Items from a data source
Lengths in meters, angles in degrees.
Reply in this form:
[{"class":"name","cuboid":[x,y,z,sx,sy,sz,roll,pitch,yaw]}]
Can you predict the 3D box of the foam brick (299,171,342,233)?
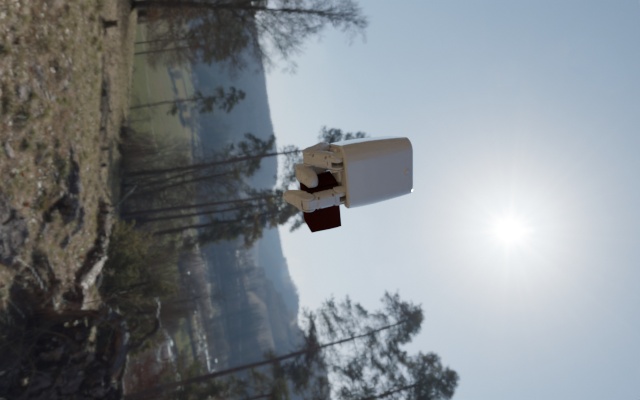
[{"class":"foam brick","cuboid":[0.000,0.003,0.750,0.051,0.078,0.053,-12,28,-11]}]
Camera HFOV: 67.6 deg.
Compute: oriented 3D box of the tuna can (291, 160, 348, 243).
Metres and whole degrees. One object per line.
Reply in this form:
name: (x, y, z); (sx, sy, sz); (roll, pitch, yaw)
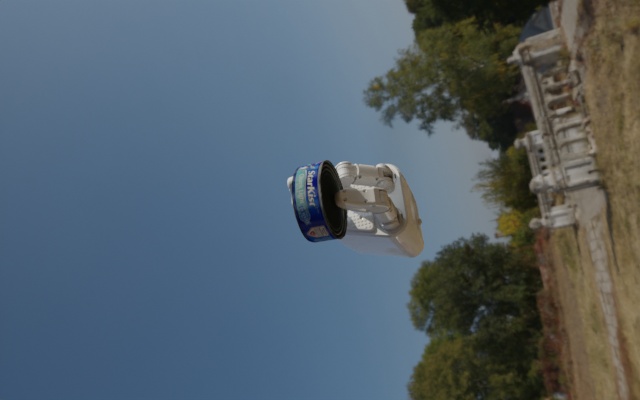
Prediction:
tuna can: (0.000, 0.002, 0.514); (0.034, 0.086, 0.086); (-11, -3, 18)
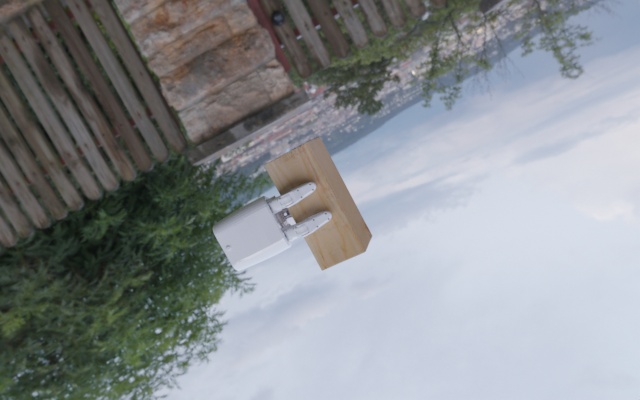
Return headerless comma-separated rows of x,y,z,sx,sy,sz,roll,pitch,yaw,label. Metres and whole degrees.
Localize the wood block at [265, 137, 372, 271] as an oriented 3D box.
0.000,0.003,0.836,0.090,0.206,0.091,-26,6,18,wood block

• **Prompt**
Lines of the data above that include the string "roll" must each be copied.

• **Exercise result**
[{"class":"name","cuboid":[x,y,z,sx,sy,sz,roll,pitch,yaw]}]
name: (x, y, z); (sx, sy, sz); (roll, pitch, yaw)
Return headerless comma-separated rows of x,y,z,sx,sy,sz,roll,pitch,yaw,label. Metres and whole degrees.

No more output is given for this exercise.